Ces arbres sont des témoins des grandes batailles de l’Histoire. Ils ont repoussé en gardant la mitraille ou les éclats d’obus en eux. On les reconnaît aux cicatrices visibles sur leur tronc. J’ai réalisé des photographies à l’échelle 1 de ces cicatrices, tirées au charbon pour transcender notre vision première de l’écorce (Stigmates). Dans l’exposition à Art Paris, ils sont mis en regard avec des orotones (tirages photographiques sur plaques de verre et dorure à l’or) donnant à voir l’arbre dans son entièreté, un procédé ancien me permettant de rendre ces arbres précieux et délicats (Duramen). L’ensemble est présenté sous la forme d’une mosaïque mêlant des noirs très profonds aux touches de lumières mordorées. Partant de ces mêmes arbres, j’ai imaginé de délicates et fragiles sculptures de papier, réalisées à partir des estampages de leurs écorces sur du papier chinois habituellement utilisé en calligraphie. Ensuite est venu le modelage, rendu possible par un tissage délicat du papier à des fils de laiton ou de cuivre (Topographie végétale) réalisé avec la complicité de la créatrice textile Charlotte Kaufmann. Je voulais sortir du registre premier de l’écorce pour créer un paysage imaginaire, une peau animale, une enveloppe délicate. Je suis ensuite allée plus loin et, inspirée par un manteau de soldat de 14, j’ai découpé mes estampages et cousu aux petits points un « Manteau de neige » évoquant une présence fantomatique. Tout ce travail s’articule autour des notions de macrocosme et de microcosme : depuis l’arbre en pied, en passant par le détail à l’échelle 1 de la cicatrice, jusqu’à l’empreinte de l’écorce elle-même, une forme d’abstraction qui devient finalement très incarnée.

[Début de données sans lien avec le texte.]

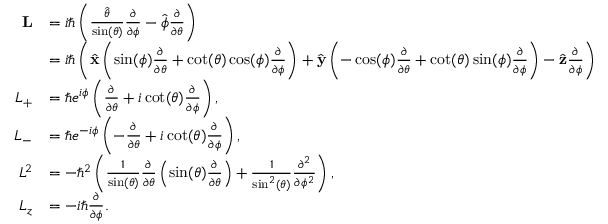<formula> <loc_0><loc_0><loc_500><loc_500>{ \begin{array} { r l } { L } & { = i \hbar { \left } ( { \frac { \hat { \theta } } { \sin ( \theta ) } } { \frac { \partial } { \partial \phi } } - { \hat { \phi } } { \frac { \partial } { \partial \theta } } \right ) } \\ & { = i \hbar { \left } ( { \hat { x } } \left ( \sin ( \phi ) { \frac { \partial } { \partial \theta } } + \cot ( \theta ) \cos ( \phi ) { \frac { \partial } { \partial \phi } } \right ) + { \hat { y } } \left ( - \cos ( \phi ) { \frac { \partial } { \partial \theta } } + \cot ( \theta ) \sin ( \phi ) { \frac { \partial } { \partial \phi } } \right ) - { \hat { z } } { \frac { \partial } { \partial \phi } } \right ) } \\ { L _ { + } } & { = \hbar { e } ^ { i \phi } \left ( { \frac { \partial } { \partial \theta } } + i \cot ( \theta ) { \frac { \partial } { \partial \phi } } \right ) , } \\ { L _ { - } } & { = \hbar { e } ^ { - i \phi } \left ( - { \frac { \partial } { \partial \theta } } + i \cot ( \theta ) { \frac { \partial } { \partial \phi } } \right ) , } \\ { L ^ { 2 } } & { = - \hbar { ^ } { 2 } \left ( { \frac { 1 } { \sin ( \theta ) } } { \frac { \partial } { \partial \theta } } \left ( \sin ( \theta ) { \frac { \partial } { \partial \theta } } \right ) + { \frac { 1 } { \sin ^ { 2 } ( \theta ) } } { \frac { \partial ^ { 2 } } { \partial \phi ^ { 2 } } } \right ) , } \\ { L _ { z } } & { = - i \hbar { \frac { \partial } { \partial \phi } } . } \end{array} }</formula>

Diriez-vous que le volet L’Herbe aux Yeux Bleus marque une évolution dans votre pratique ?
À chacun de mes projets, le défi est d’éviter de me répéter et de trouver la forme plastique qui soit la plus en phase avec ce que je veux exprimer. Cela passe par la photographie, par des hybridations, mais aussi par d’autres médiums. Ce dernier volet de Rémanences est une grande toile tissée d’où j’ai tiré de nombreux fils et chaque fil a permis de venir en enrichir un autre. Avec L’Herbe aux Yeux Bleus, c’est la première fois que je vais aussi loin dans l’expérimentation.